## WORK TO COMPLETE
Skipping each picture, output the entries exactly as they stand below.

## GIVEN INFORMATION
-=-=-

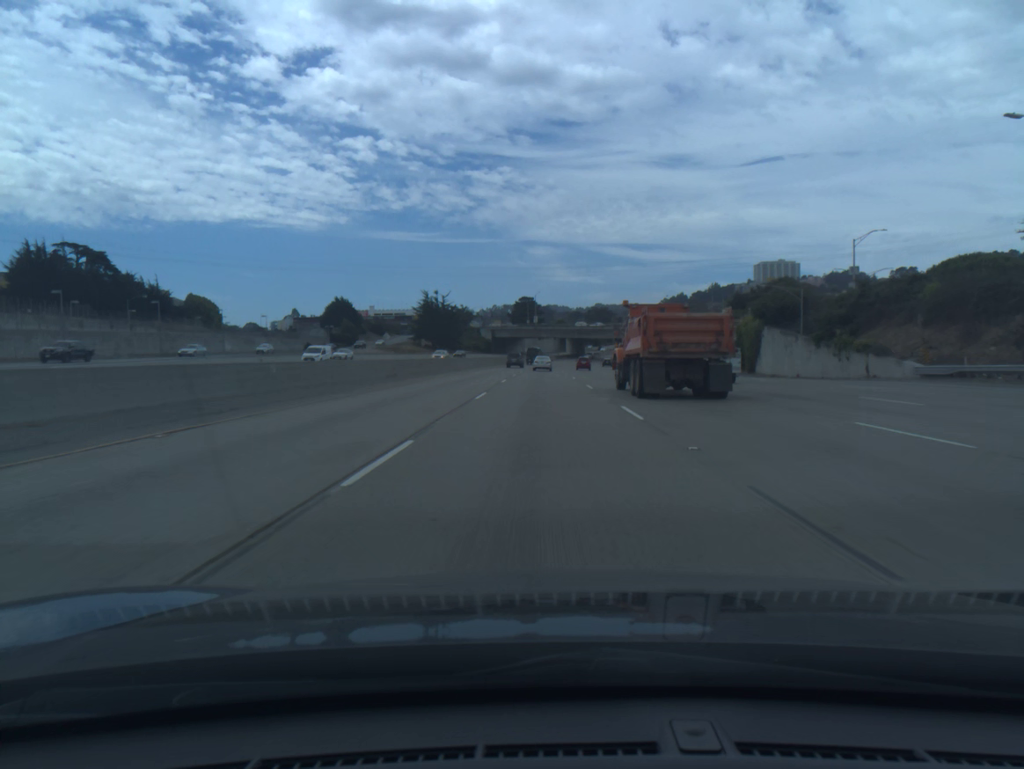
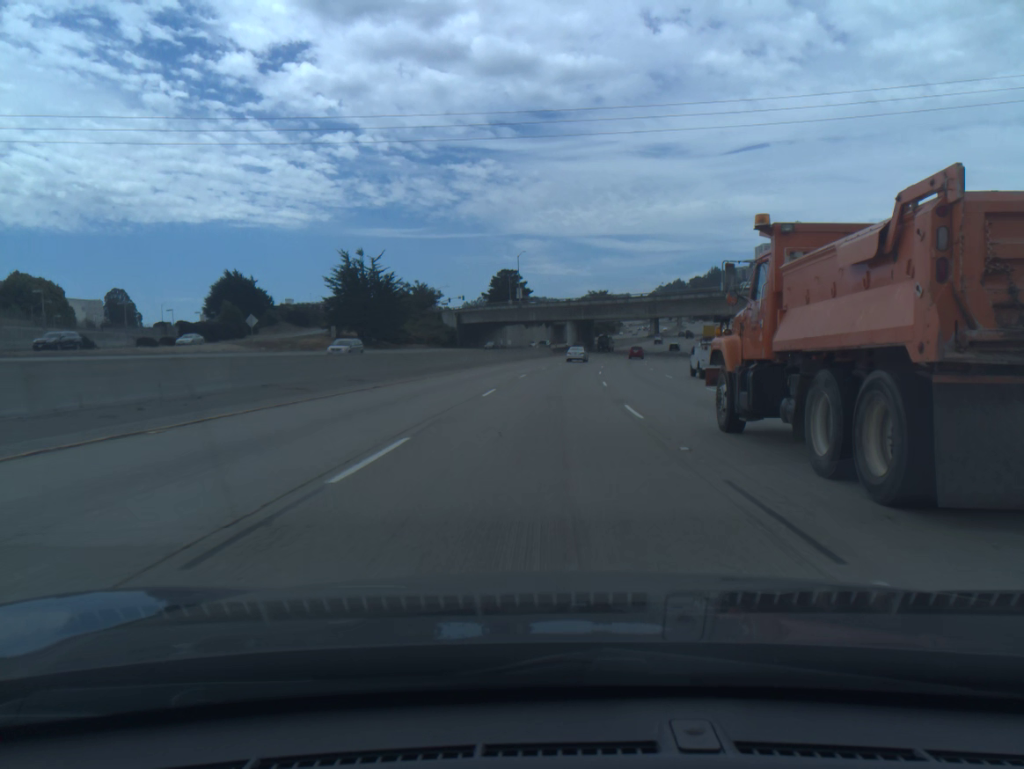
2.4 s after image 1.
(+0.3, +73.1) m; +1°
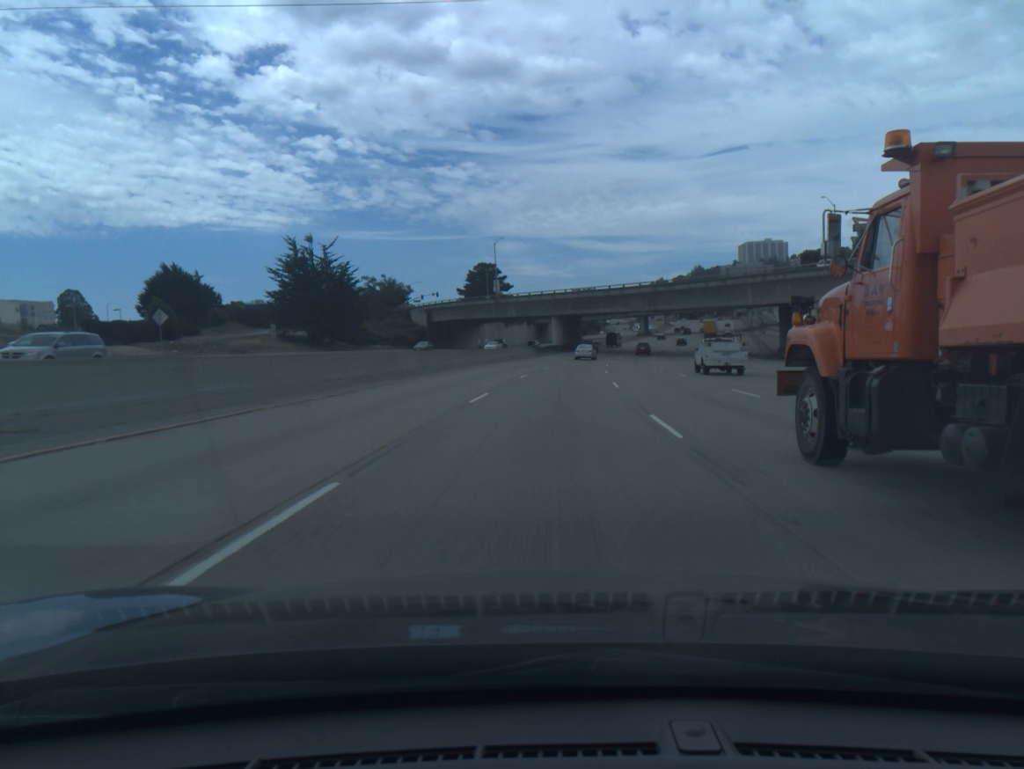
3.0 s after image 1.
(+0.2, +18.4) m; +1°
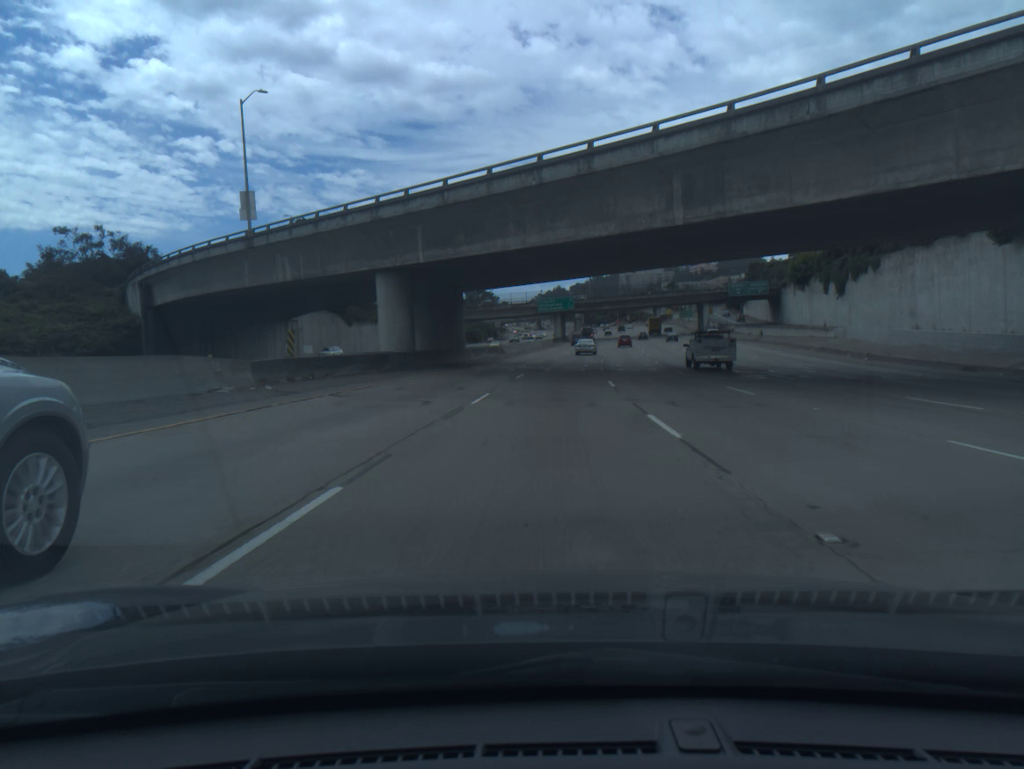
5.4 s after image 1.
(+4.7, +73.1) m; +8°
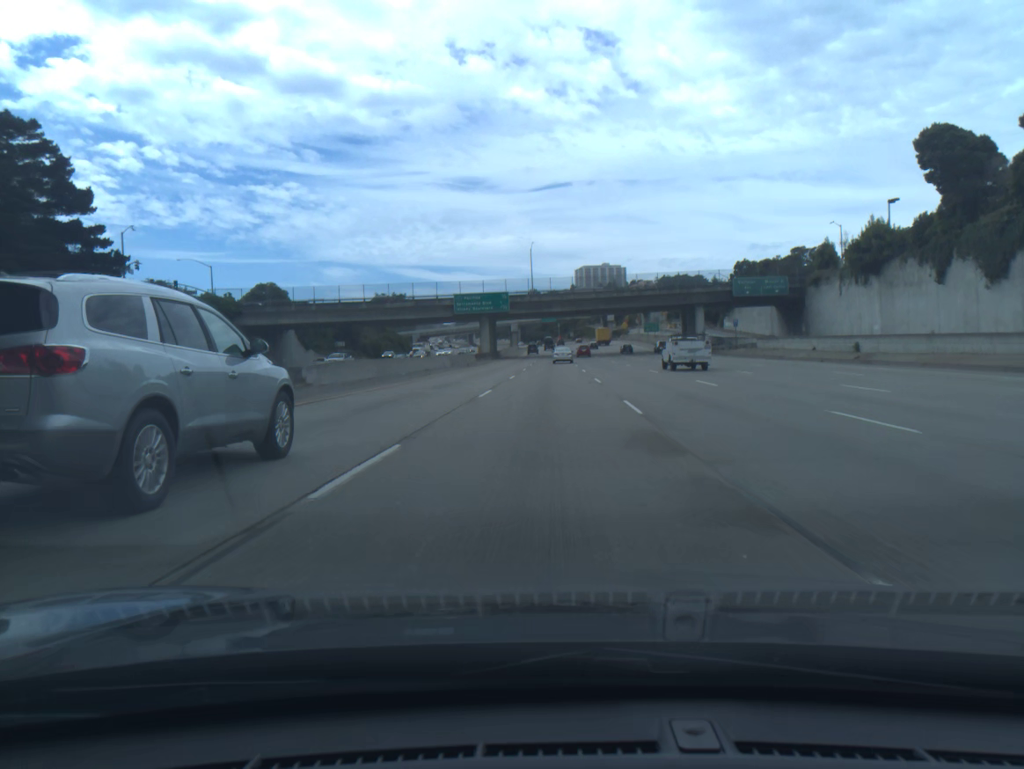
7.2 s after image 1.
(+2.4, +54.5) m; +5°
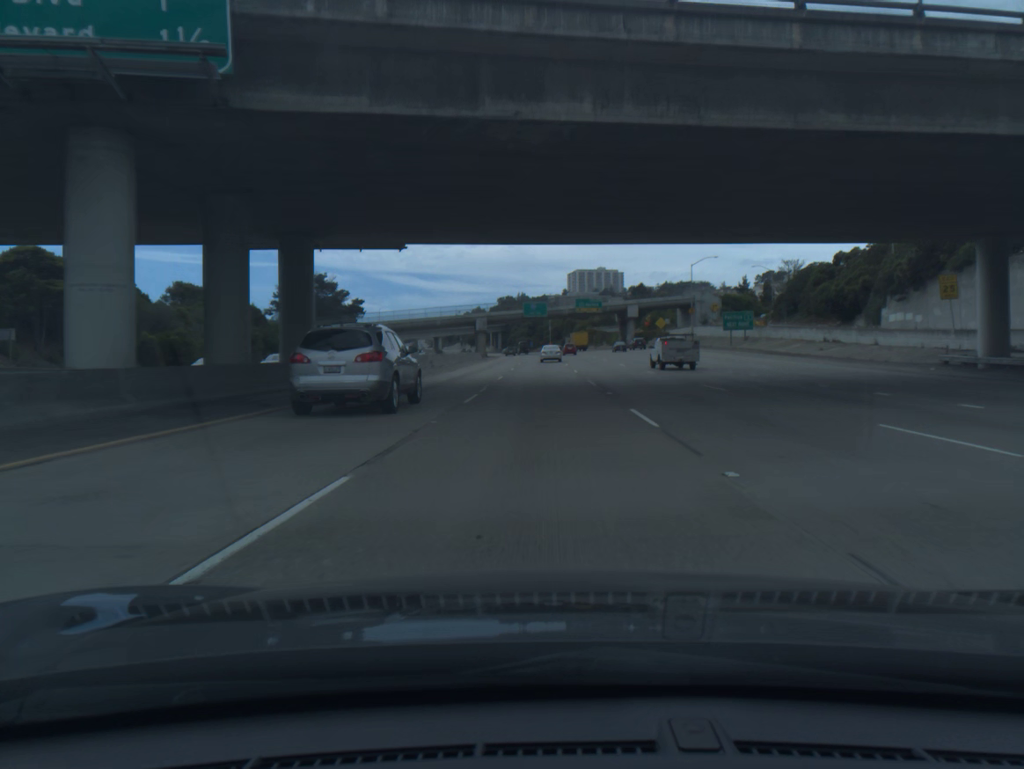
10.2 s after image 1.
(+1.4, +90.1) m; +1°
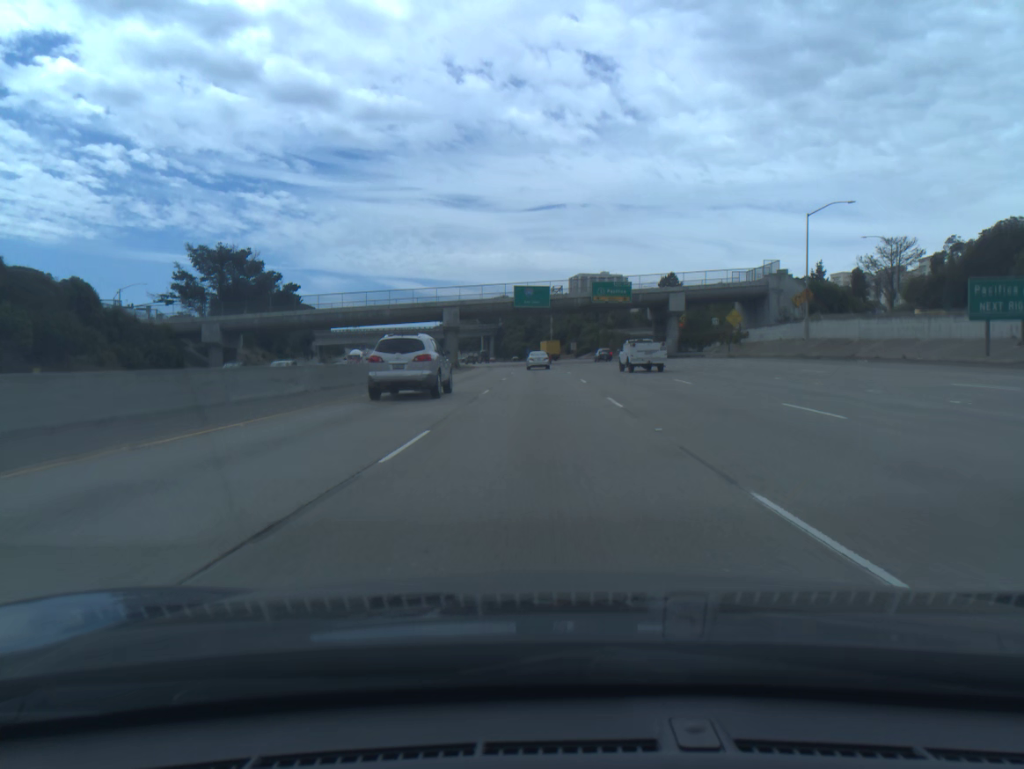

-=-=-

## RESULT
2.4 s after image 1.
(+0.3, +73.1) m; +1°
3.0 s after image 1.
(+0.2, +18.4) m; +1°
5.4 s after image 1.
(+4.7, +73.1) m; +8°
7.2 s after image 1.
(+2.4, +54.5) m; +5°
10.2 s after image 1.
(+1.4, +90.1) m; +1°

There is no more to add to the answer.